Час спустя старый доверенный слуга Робеспьера, которого Зейферт когда то удачно вылечил, явился к нему и сообщил ему следующее:
«Не знаю почему, но вы показались сегодня Робьеспьеру очень подозрительным и он сказал мне, что: „доктор Зейферт сочувствует вовсе не свободе, а деспотам. Он передо мной проговорился“».
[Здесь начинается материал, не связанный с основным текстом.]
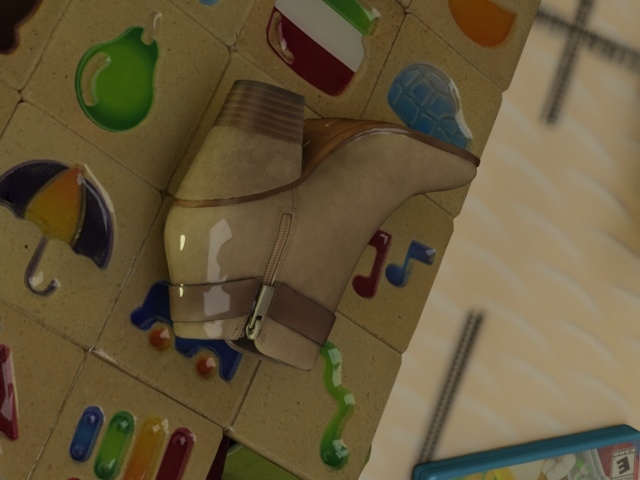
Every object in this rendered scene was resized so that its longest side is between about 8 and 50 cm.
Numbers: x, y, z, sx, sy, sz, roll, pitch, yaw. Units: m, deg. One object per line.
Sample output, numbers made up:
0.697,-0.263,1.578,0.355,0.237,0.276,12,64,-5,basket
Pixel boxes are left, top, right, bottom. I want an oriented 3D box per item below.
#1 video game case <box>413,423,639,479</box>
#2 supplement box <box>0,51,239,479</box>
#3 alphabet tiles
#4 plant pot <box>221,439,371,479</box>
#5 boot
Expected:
0.096,0.175,0.685,0.119,0.015,0.166,-7,108,-25,video game case
-0.103,0.073,0.472,0.130,0.073,0.239,24,71,-35,supplement box
-0.052,-0.079,0.472,0.285,0.011,0.342,35,67,-30,alphabet tiles
-0.020,0.068,0.566,0.083,0.083,0.079,-50,132,-6,plant pot
0.000,0.000,0.476,0.118,0.042,0.087,13,85,-35,boot
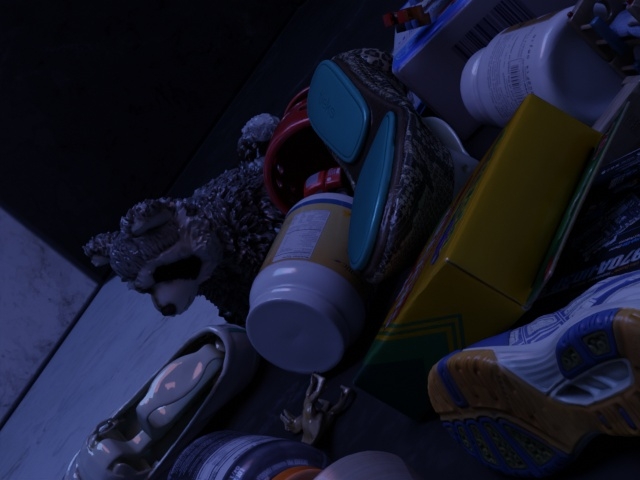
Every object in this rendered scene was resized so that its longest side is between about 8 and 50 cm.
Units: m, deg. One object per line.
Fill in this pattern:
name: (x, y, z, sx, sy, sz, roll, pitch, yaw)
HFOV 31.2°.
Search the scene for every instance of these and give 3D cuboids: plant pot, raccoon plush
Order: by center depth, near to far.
plant pot: (0.016, -0.132, 1.698, 0.191, 0.191, 0.174, -43, 20, 23)
raccoon plush: (-0.198, -0.057, 1.755, 0.216, 0.299, 0.446, -50, 33, 27)

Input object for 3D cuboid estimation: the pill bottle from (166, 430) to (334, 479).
pill bottle: (-0.055, 0.252, 1.091, 0.130, 0.130, 0.245, -55, 16, -19)

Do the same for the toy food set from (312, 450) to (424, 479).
toy food set: (0.010, 0.314, 0.735, 0.306, 0.092, 0.219, -50, 49, 1)

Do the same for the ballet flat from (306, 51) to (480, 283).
ballet flat: (0.103, -0.096, 1.373, 0.483, 0.182, 0.164, -106, 32, -60)

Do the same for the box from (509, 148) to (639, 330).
box: (0.266, -0.008, 0.958, 0.220, 0.051, 0.175, -29, 25, 52)

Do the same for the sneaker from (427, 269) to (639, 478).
sneaker: (0.200, 0.094, 0.855, 0.131, 0.112, 0.296, -34, 3, -33)

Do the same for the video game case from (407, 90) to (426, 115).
video game case: (0.137, -0.196, 1.792, 0.166, 0.015, 0.119, -59, 11, 20)

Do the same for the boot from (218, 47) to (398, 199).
boot: (-0.025, -0.186, 2.069, 0.377, 0.138, 0.284, -26, 29, 49)

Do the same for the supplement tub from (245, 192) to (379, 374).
supplement tub: (-0.002, 0.051, 1.406, 0.144, 0.144, 0.200, -37, 20, 40)

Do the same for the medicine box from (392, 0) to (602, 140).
medicine box: (0.243, -0.323, 1.614, 0.263, 0.149, 0.289, -43, 17, 22)

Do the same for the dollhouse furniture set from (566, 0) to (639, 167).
dollhouse furniture set: (0.290, -0.158, 1.106, 0.184, 0.129, 0.129, -51, 15, -7)

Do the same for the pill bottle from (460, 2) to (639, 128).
pill bottle: (0.250, -0.183, 1.282, 0.131, 0.131, 0.229, -52, 15, -10)

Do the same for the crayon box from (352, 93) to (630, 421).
crayon box: (0.143, 0.011, 1.019, 0.202, 0.081, 0.318, -59, -1, -33)

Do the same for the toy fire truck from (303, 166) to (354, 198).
toy fire truck: (0.000, 0.000, 1.541, 0.135, 0.192, 0.047, -14, 28, 16)

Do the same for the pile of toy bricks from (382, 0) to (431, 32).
pile of toy bricks: (0.146, -0.349, 1.514, 0.105, 0.118, 0.212, -11, 14, 22)

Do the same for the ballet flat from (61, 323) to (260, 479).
ballet flat: (-0.245, 0.263, 1.563, 0.400, 0.139, 0.139, -48, 15, -5)

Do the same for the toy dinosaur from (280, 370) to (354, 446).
toy dinosaur: (-0.003, 0.198, 1.265, 0.183, 0.053, 0.093, -172, 107, -81)
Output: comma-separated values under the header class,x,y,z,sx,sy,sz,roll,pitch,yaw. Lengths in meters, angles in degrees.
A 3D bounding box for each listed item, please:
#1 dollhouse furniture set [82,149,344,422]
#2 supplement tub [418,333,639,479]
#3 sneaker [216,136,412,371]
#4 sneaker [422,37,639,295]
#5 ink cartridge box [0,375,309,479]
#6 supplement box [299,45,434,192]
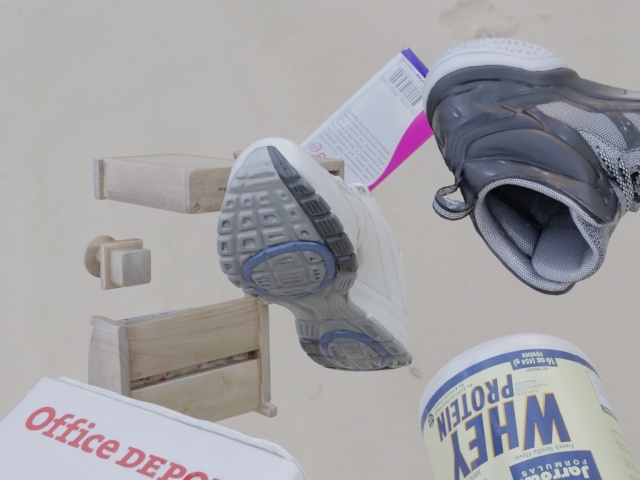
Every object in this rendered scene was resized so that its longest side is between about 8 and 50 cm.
class,x,y,z,sx,sy,sz,roll,pitch,yaw
dollhouse furniture set,-0.136,0.087,1.300,0.174,0.303,0.355,12,105,48
supplement tub,0.260,0.299,1.404,0.235,0.235,0.325,-31,43,17
sneaker,0.000,0.000,0.968,0.111,0.297,0.129,-3,59,18
sneaker,0.194,-0.035,0.752,0.269,0.101,0.153,10,50,-4
ink cartridge box,-0.138,0.214,0.558,0.201,0.117,0.278,10,47,41
supplement box,0.072,-0.148,1.607,0.220,0.111,0.114,-42,5,9
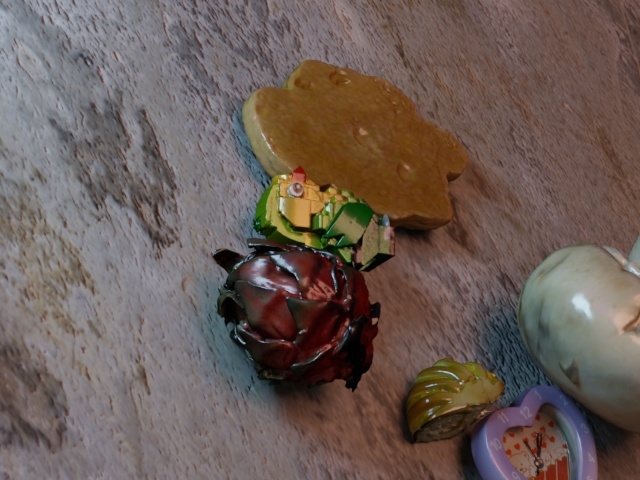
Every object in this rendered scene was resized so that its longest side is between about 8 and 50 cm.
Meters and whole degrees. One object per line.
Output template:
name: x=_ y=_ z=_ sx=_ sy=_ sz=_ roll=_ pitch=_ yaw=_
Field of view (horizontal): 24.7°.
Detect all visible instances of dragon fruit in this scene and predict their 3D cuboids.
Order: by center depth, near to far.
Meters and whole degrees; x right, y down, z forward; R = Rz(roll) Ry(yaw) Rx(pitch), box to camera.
dragon fruit: x=-0.025 y=0.086 z=1.688 sx=0.189 sy=0.182 sz=0.182 roll=1 pitch=58 yaw=-21

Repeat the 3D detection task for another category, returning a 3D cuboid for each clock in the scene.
clock: x=0.275 y=0.283 z=1.852 sx=0.198 sy=0.064 sz=0.172 roll=-24 pitch=78 yaw=-45

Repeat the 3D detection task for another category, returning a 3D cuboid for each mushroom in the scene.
mushroom: x=0.435 y=0.081 z=1.912 sx=0.314 sy=0.336 sz=0.314 roll=30 pitch=5 yaw=-3

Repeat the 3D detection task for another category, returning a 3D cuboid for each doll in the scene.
doll: x=0.004 y=-0.007 z=1.827 sx=0.186 sy=0.106 sz=0.134 roll=37 pitch=63 yaw=-10

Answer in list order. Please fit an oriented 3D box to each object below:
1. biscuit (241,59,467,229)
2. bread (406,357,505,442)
biscuit: x=0.053 y=-0.128 z=1.995 sx=0.376 sy=0.051 sz=0.269 roll=4 pitch=55 yaw=-38
bread: x=0.167 y=0.192 z=1.834 sx=0.157 sy=0.083 sz=0.094 roll=1 pitch=47 yaw=-37
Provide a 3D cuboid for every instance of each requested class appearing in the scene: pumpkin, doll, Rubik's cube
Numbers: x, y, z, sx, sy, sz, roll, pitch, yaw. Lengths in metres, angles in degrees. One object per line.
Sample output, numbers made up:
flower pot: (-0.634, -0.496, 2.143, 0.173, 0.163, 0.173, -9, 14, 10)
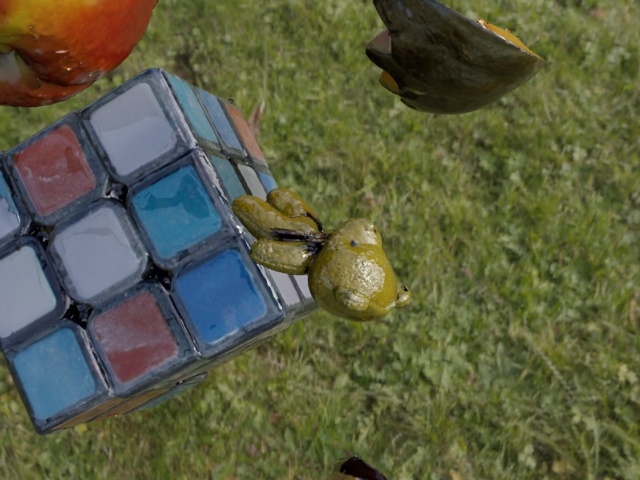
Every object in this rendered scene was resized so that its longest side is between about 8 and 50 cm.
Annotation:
pumpkin: (0.157, -0.177, 1.013, 0.254, 0.130, 0.149, 9, 29, -49)
doll: (0.000, 0.000, 0.930, 0.209, 0.097, 0.137, 40, 24, 29)
Rubik's cube: (-0.225, 0.019, 1.238, 0.358, 0.362, 0.363, -30, 81, 7)

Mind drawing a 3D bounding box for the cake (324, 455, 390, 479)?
cake: (0.034, 0.388, 1.116, 0.178, 0.185, 0.207, -39, 58, -20)

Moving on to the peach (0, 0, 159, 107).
peach: (-0.326, -0.360, 0.941, 0.339, 0.353, 0.417, -3, 72, 18)
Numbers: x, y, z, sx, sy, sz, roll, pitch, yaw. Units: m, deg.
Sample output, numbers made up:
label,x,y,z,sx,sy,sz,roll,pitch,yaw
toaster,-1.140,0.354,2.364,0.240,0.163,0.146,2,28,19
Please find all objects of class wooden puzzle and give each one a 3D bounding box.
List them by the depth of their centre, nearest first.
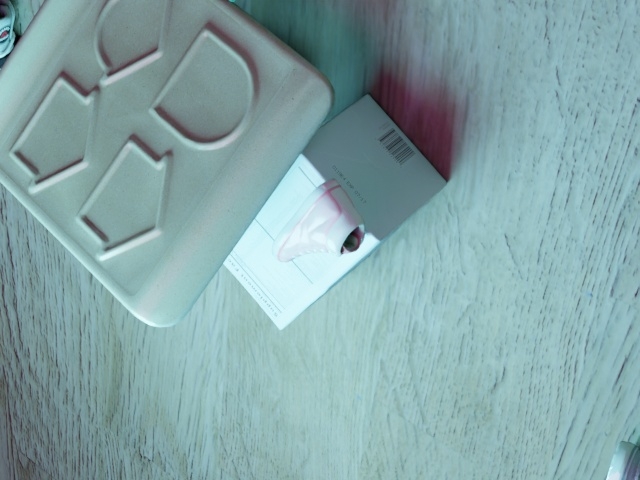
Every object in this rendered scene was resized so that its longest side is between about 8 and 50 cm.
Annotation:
label,x,y,z,sx,sy,sz,roll,pitch,yaw
wooden puzzle,-0.187,-0.129,1.418,0.348,0.080,0.322,40,102,21

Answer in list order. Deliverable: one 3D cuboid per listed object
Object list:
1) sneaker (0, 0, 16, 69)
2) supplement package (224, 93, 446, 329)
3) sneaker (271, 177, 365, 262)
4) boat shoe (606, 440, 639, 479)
label,x,y,z,sx,sy,sz,roll,pitch,yaw
sneaker,-0.469,-0.260,1.775,0.146,0.122,0.330,12,128,41
supplement package,0.002,-0.028,1.481,0.139,0.134,0.244,49,142,2
sneaker,0.000,0.000,1.354,0.070,0.051,0.134,49,138,10
boat shoe,0.365,0.314,1.450,0.081,0.079,0.227,9,131,29
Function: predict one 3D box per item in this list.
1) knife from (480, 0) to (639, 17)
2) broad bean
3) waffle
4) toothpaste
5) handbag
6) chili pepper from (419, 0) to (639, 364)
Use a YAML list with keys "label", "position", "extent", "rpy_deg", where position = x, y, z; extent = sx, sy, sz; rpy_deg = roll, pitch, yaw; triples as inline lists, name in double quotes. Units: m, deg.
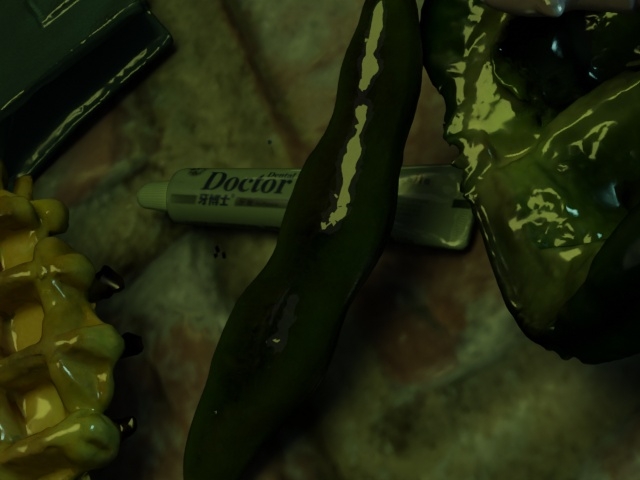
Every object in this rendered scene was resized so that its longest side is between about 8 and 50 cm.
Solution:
- label: "knife"
  position: [0.251, -0.108, 0.719]
  extent: [0.398, 0.038, 0.132]
  rpy_deg: [8, 44, 14]
- label: "broad bean"
  position: [0.001, 0.001, 0.818]
  extent: [0.060, 0.043, 0.297]
  rpy_deg: [27, 98, 31]
- label: "waffle"
  position: [-0.234, 0.090, 0.911]
  extent: [0.329, 0.062, 0.329]
  rpy_deg: [-9, 72, 27]
- label: "toothpaste"
  position: [-0.010, -0.021, 0.898]
  extent: [0.197, 0.029, 0.048]
  rpy_deg: [3, 64, 28]
- label: "handbag"
  position: [-0.199, -0.142, 1.063]
  extent: [0.179, 0.062, 0.229]
  rpy_deg: [-41, 50, -1]
- label: "chili pepper"
  position: [0.134, -0.059, 0.795]
  extent: [0.148, 0.116, 0.264]
  rpy_deg: [-37, 49, 21]

Затем Зейферт сообщает о своем визите к герцогу Орлеанскому по тому же делу. «До герцога, — пишет он, — добраться было не легко. Его негр сообщил мне по секрету, что он сидит, запершись, и никого не принимает. Я тут же написал ему записку: „Примите меня по крайне важному делу“. Негр возвратился и повел меня к своему господину. Когда я рассказал герцогу об опасности, которой подвергалась его свояченица, принцесса Ламбаль, он произнес: „Это ужасно! но что же я могу для нее сделать, когда и сам-то сижу почти под арестом. Ради Бога, скажите мне, что я могу сделать для ее спасения?“». Зейферт, по его словам, предложил герцогу написать Дантону и взялся самолично доставить это письмо по адресу. Дантон, кажется, ответил герцогу Орлеанскому, что он примет необходимые меры, чтобы помешать убийствам. Известно, как он сдержал это обещание.
Тем временем, наступили сентябрьские события. Не без тревоги ожидала принцесса Ламбаль своей участи, хотя в первый день резни о ней, как будто, позабыли. Вечером этого дня она бросилась на постель, измученная усталостью и заботами.
На следующий день поутру два национальных гвардейца вошли к ней в комнату и сообщили ей о немедленном переводе ее из тюрьмы Форс в тюрьму Аббатства. Она отвечала, что, хотя все тюрьмы и одинаковы, но ей бы лучше хотелось остаться там, где она уже находится. Она отказалась спуститься вниз и умоляла оставить ее в покое.
Один из надзирателей, посоветовал ей лучше повиноваться, прибавив, что от этого может зависеть даже ее жизнь. Она ответила, что готова исполнить все, что от нее требуют, но просит лишь всех выйти на несколько минут, на площадку лестницы, чтобы дать ей возможность одеться. Затем, надев платье, она позвала надзирателя, и опираясь на его руку, спустилась вниз в длинную и узкую привратницкую, где уже с раннего утра заседало самозванное народное судилище.